Исследования, проведенные F. Friedl et al., М. Moradi et al., свидетельствуют, что эндометриоз негативно влияет на психологическое здоровье женщины [14, 15]. В последние годы значительно повысилась частота встречаемости депрессии у пациенток, страдающих таким недугом. По мнению этих авторов, подобные эмоции ограничивают социальную активность пациенток: они не могут пол­ноценно взаимодействовать с социумом. Также значительная часть из них указывает на то, что «болезнь контролирует их жизнь» [13].

По данным многочисленных ученых, эндометриоз снижает работоспособность женщин [6, 13, 15, 16]. По причине болезни они указывают на ухудшение их материального благосостояния, что обусловлено вынужденным сокращением рабочих часов из-за тазовой боли, а также огромными затратами на лечение.

Исследователи [13, 15, 16] также сообщают, что пациентки юного возраста отмечают влияние этой патологии на образовательный процесс: снижение уровня внимания, вынужденные пропуски занятий по причине тазовой боли. Кроме того, вследствие лечения в стационаре некоторые студентки вынуждены пропускать целые семестры.

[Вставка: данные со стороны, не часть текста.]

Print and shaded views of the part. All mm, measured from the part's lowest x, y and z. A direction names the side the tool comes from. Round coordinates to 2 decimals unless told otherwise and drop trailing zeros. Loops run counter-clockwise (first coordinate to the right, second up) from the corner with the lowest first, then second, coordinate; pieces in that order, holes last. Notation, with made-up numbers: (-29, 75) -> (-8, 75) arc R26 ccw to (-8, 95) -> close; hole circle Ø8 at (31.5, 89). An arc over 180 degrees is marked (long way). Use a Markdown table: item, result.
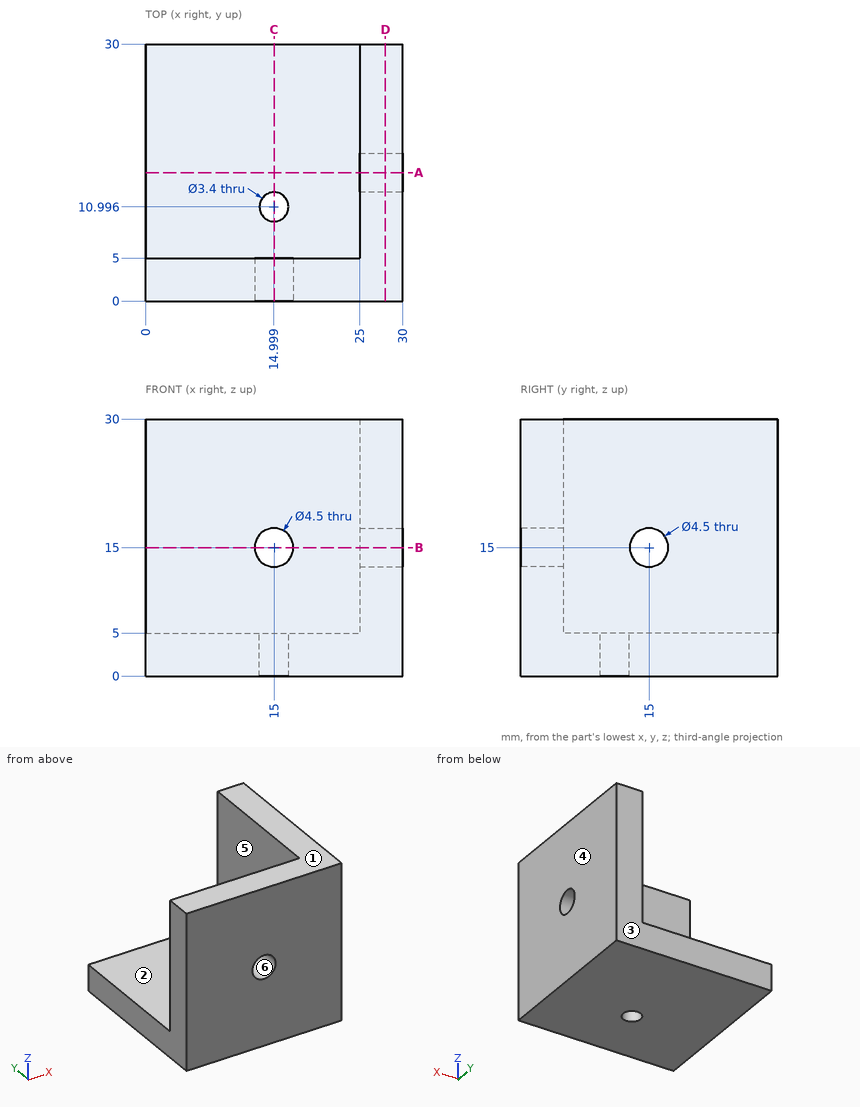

L. Lovkvist et al., A. De Graaff et al. информируют, что женщины, страдающие эндометриозом, часто избегают половых контактов, что обусловлено болью и кровянистыми выделениями во время и после коитуса [13, 16]. Некоторые пациентки отмечают, что именно вышеуказанный дискомфорт послужил причиной вынужденной длительной сексуальной депривации или расторжения брака. Также, согласно результатам проведенных исследований, эти женщины сообщают о влиянии заболевания на образ их жизни, хобби, увлечения. Клиническая симптоматика эндометриоза снижает повседневную активность, вынуждает выбирать более спокойные увлечения, ограничивает в выборе вида спорта и интенсивности занятий [15, 17, 18].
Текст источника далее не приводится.